Dynamic behaviors of eccentrically loaded RC column under lateral low-velocity impact

Abstract

This study aims to examine the influence of eccentric axial loads on the lateral low-velocity impact behaviors of RC columns. Firstly, the numerical simulation approach is validated by accurately reproducing the impact force, as well as the deflection, axial load and failure mode of columns in pendulum impact and eccentrically loading tests. Secondly, the effects of the axial load ratios and eccentric distances on the dynamic behaviors of RC columns are analyzed as follows: (i) Increasing the axial load ratio and the eccentric distance at the impact direction can reduce the deflection of RC columns when the axial load ratio is relatively low; (ii) the instability failure could occur on columns with large enough axial load and impact energy; (iii) the eccentric distance of axial loads on the fixed-supported RC column can be neglected since the induced boundary rotation is constrained by fixed supports; (iv) for RC columns with pinned-fixed or pinned-pinned supports, the eccentric distance at the impact direction should be considered, while the eccentric distance at the vertical impact direction can be neglected.
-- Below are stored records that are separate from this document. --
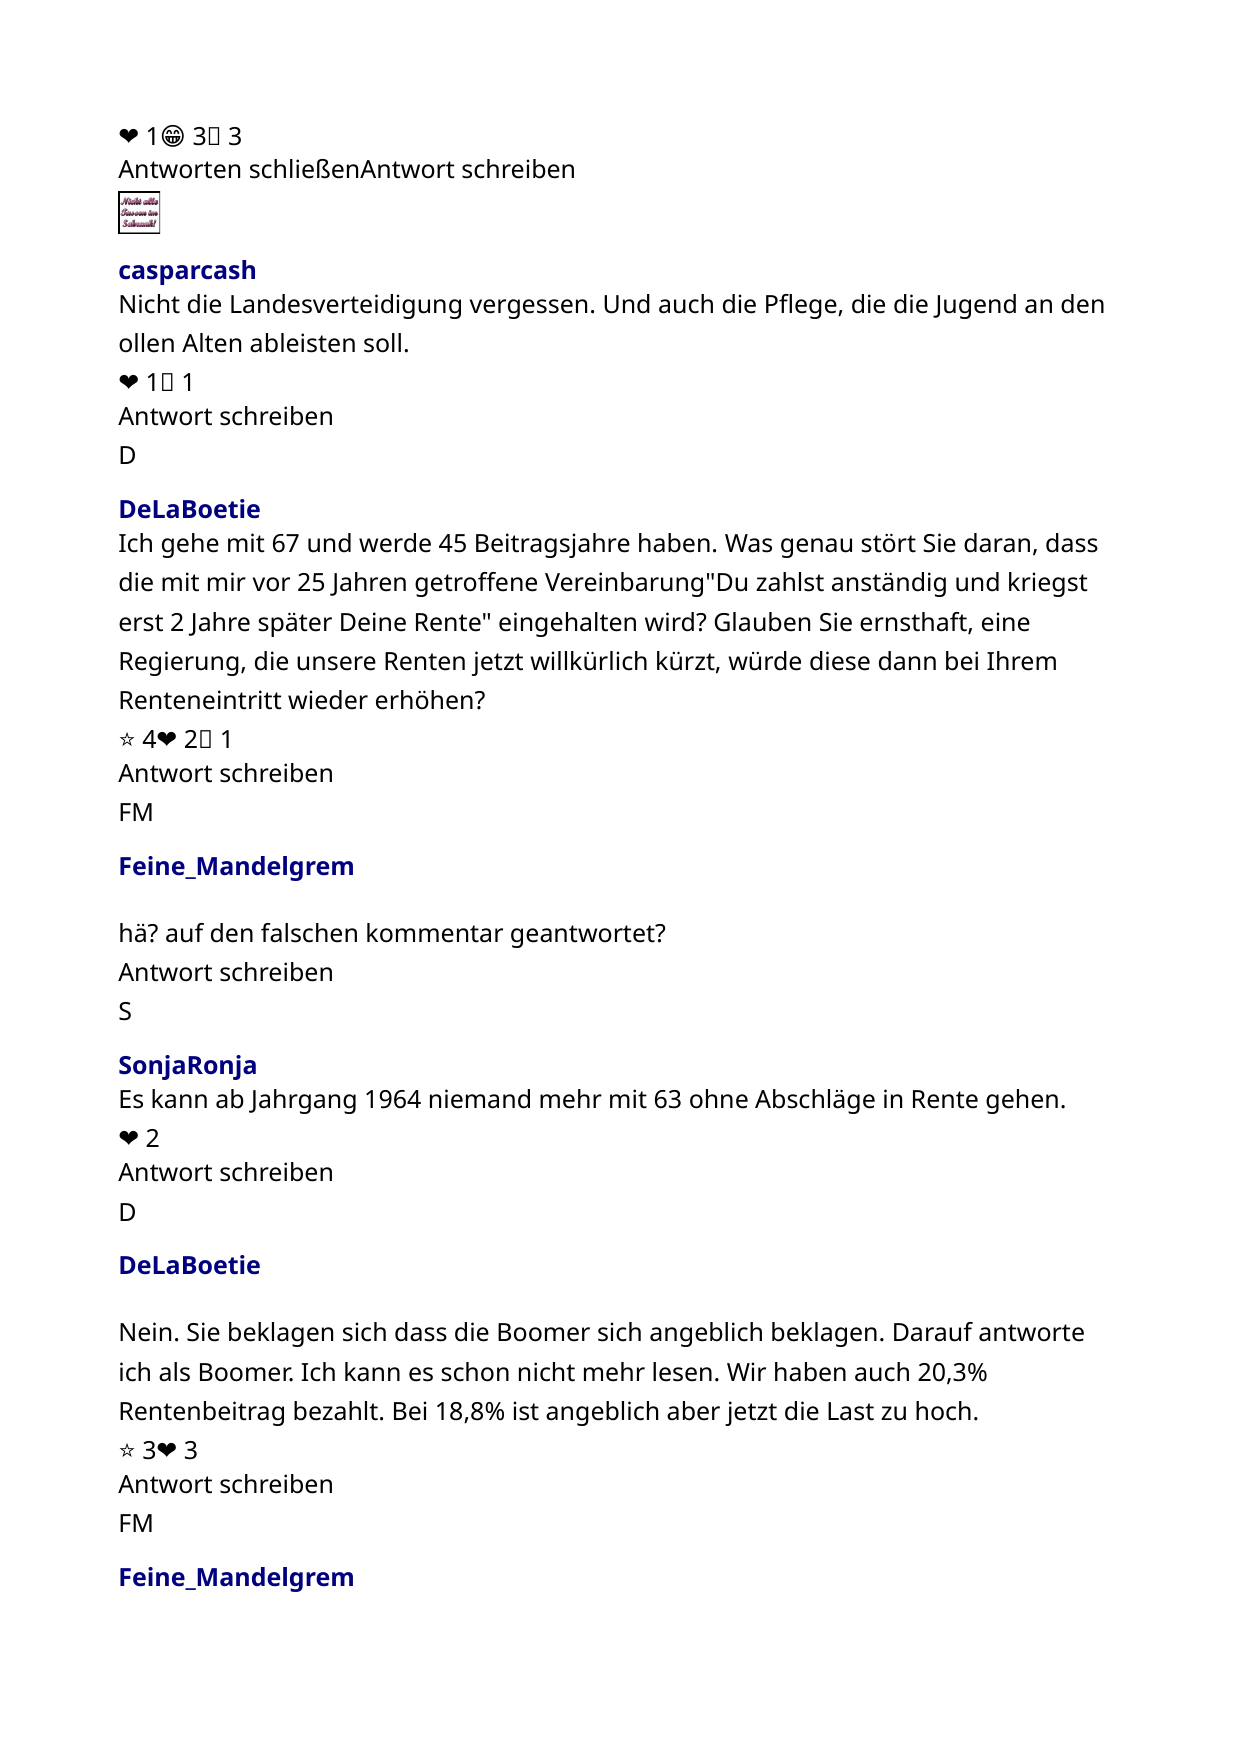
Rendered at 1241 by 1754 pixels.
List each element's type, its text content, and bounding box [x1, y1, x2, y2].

text Nein. Sie beklagen sich dass die Boomer sich angeblich beklagen. Darauf antworte ich als Boomer. Ich kann es schon nicht mehr lesen. Wir haben auch 20,3% Rentenbeitrag bezahlt. Bei 18,8% ist angeblich aber jetzt die Last zu hoch. [118, 1315, 1122, 1427]
subtitle Feine_Mandelgrem [118, 849, 1122, 883]
text Antwort schreiben [118, 1467, 1122, 1501]
text Antwort schreiben [118, 1155, 1122, 1189]
text D [118, 1194, 1122, 1228]
subtitle SonjaRonja [118, 1048, 1122, 1082]
subtitle DeLaBoetie [118, 492, 1122, 526]
subtitle casparcash [118, 252, 1122, 286]
text ❤️ 1🤨 1 [118, 365, 1122, 399]
text hä? auf den falschen kommentar geantwortet? [118, 916, 1122, 950]
text FM [118, 795, 1122, 829]
subtitle Feine_Mandelgrem [118, 1559, 1122, 1594]
text Ich gehe mit 67 und werde 45 Beitragsjahre haben. Was genau stört Sie daran, dass die mit mir vor 25 Jahren getroffene Vereinbarung"Du zahlst anständig und kriegst erst 2 Jahre später Deine Rente" eingehalten wird? Glauben Sie ernsthaft, eine Regierung, die unsere Renten jetzt willkürlich kürzt, würde diese dann bei Ihrem Renteneintritt wieder erhöhen? [118, 526, 1122, 717]
text Antwort schreiben [118, 955, 1122, 989]
text Es kann ab Jahrgang 1964 niemand mehr mit 63 ohne Abschläge in Rente gehen. [118, 1082, 1122, 1116]
picture [118, 191, 161, 234]
text ❤️ 1😁 3🤨 3 [118, 118, 1122, 152]
text Antworten schließenAntwort schreiben [118, 152, 1122, 186]
text ❤️ 2 [118, 1121, 1122, 1155]
text S [118, 994, 1122, 1028]
subtitle DeLaBoetie [118, 1248, 1122, 1282]
text FM [118, 1506, 1122, 1540]
text Antwort schreiben [118, 756, 1122, 790]
text ⭐️ 4❤️ 2🤨 1 [118, 722, 1122, 756]
text Nicht die Landesverteidigung vergessen. Und auch die Pflege, die die Jugend an den ollen Alten ableisten soll. [118, 286, 1122, 360]
text Antwort schreiben [118, 399, 1122, 433]
text ⭐️ 3❤️ 3 [118, 1433, 1122, 1467]
text D [118, 438, 1122, 472]
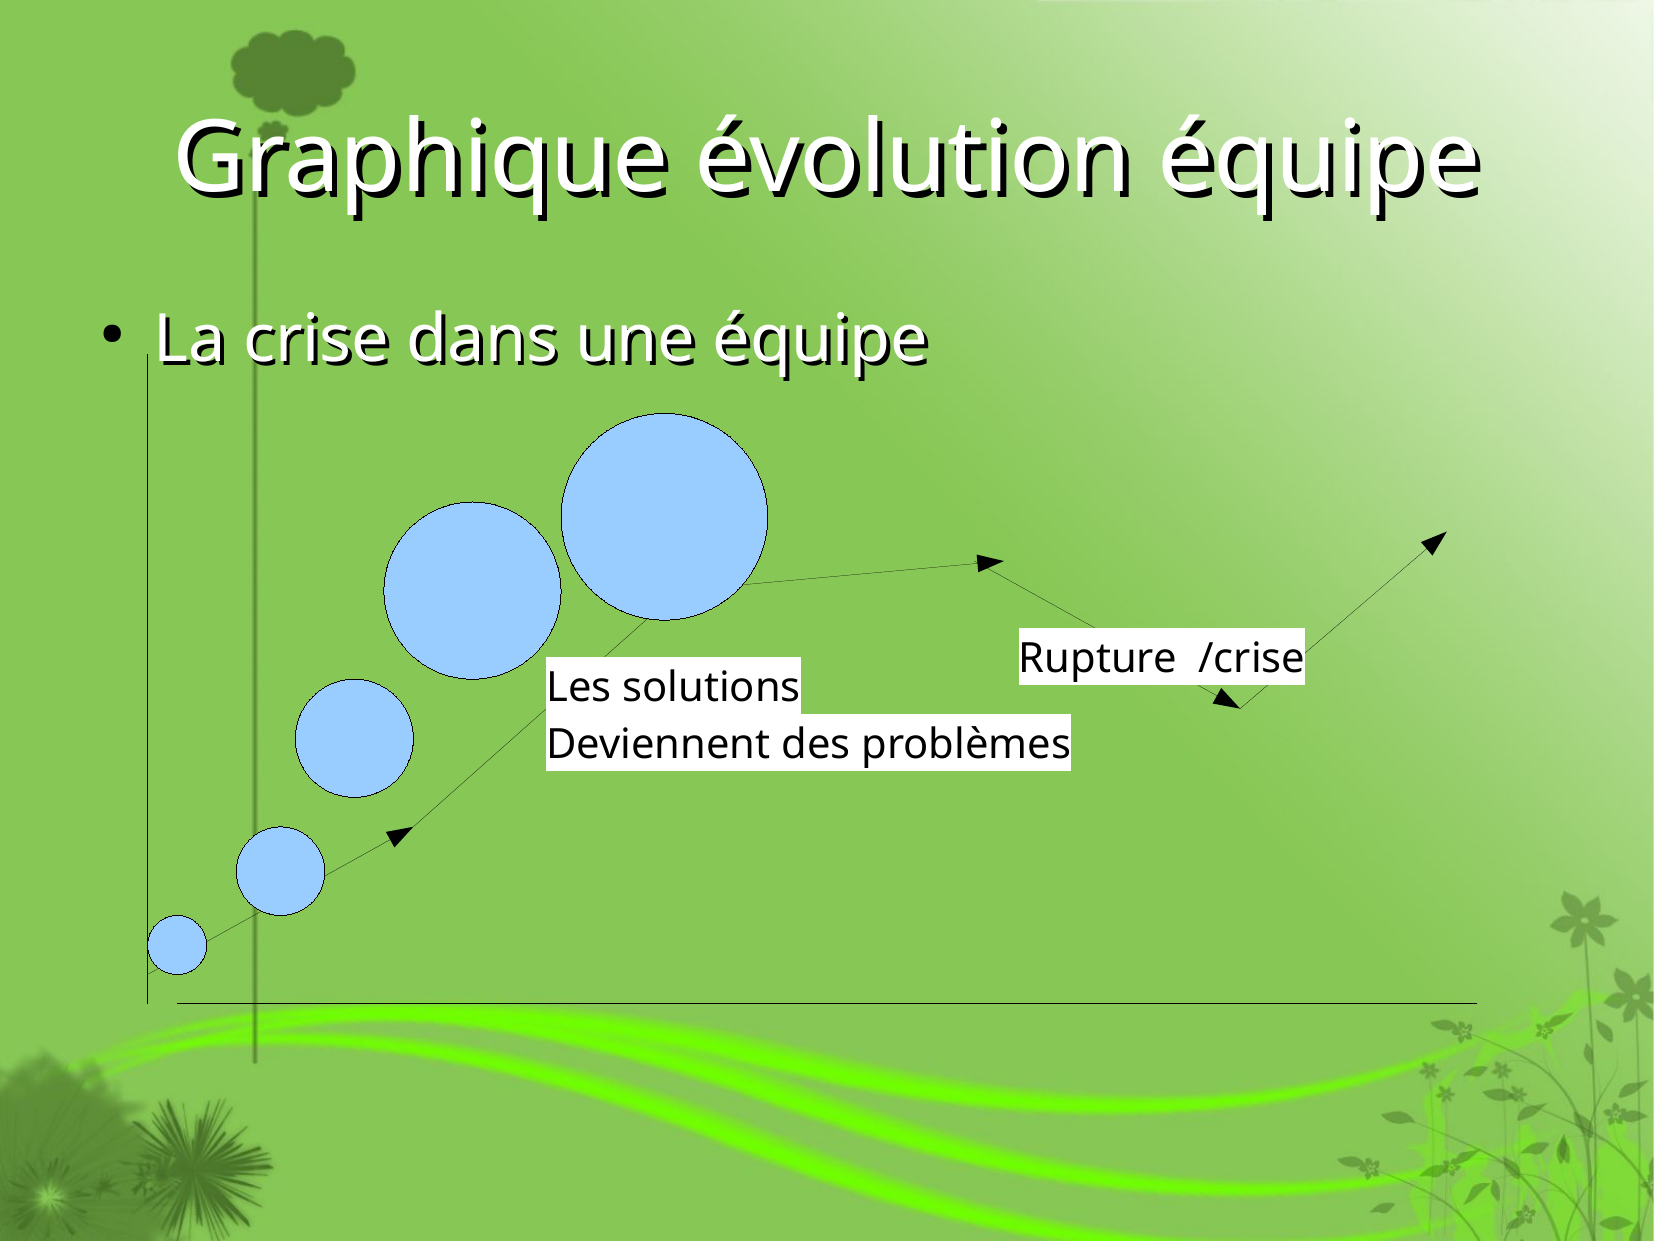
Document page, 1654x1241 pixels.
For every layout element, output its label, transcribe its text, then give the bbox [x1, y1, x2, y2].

text_box [383, 501, 562, 680]
title Graphique évolution équipe [82, 49, 1571, 257]
text_box [236, 826, 325, 916]
text_box [147, 915, 207, 975]
text_box [295, 679, 414, 798]
list La crise dans une équipe [82, 290, 1571, 1010]
text_box [561, 413, 768, 621]
text_box Les solutions Deviennent des problèmes [531, 649, 1069, 759]
text_box Rupture /crise [1003, 620, 1359, 709]
picture [0, 0, 1654, 1241]

Furthermore, the dynamic coupled flexural and shear resistance function of eccentrically loaded RC columns are established and validated. A 2DOF model is presented to predict low-velocity impact behaviors of RC columns with varying axial load ratios and eccentric distances. The failure modes transition mechanism induced by the axial load is further revealed. Increasing axial loads can enhance columns’ flexural resistance and tendency of failure mode from flexural to shear/flexure-shear. The P-δ effect is amplified by larger axial loads and deflections, causing the instability failure of columns. Finally, a theoretical impact energy of the critical instability of eccentrically loaded RC columns is proposed to assist the structural impact-resistant design.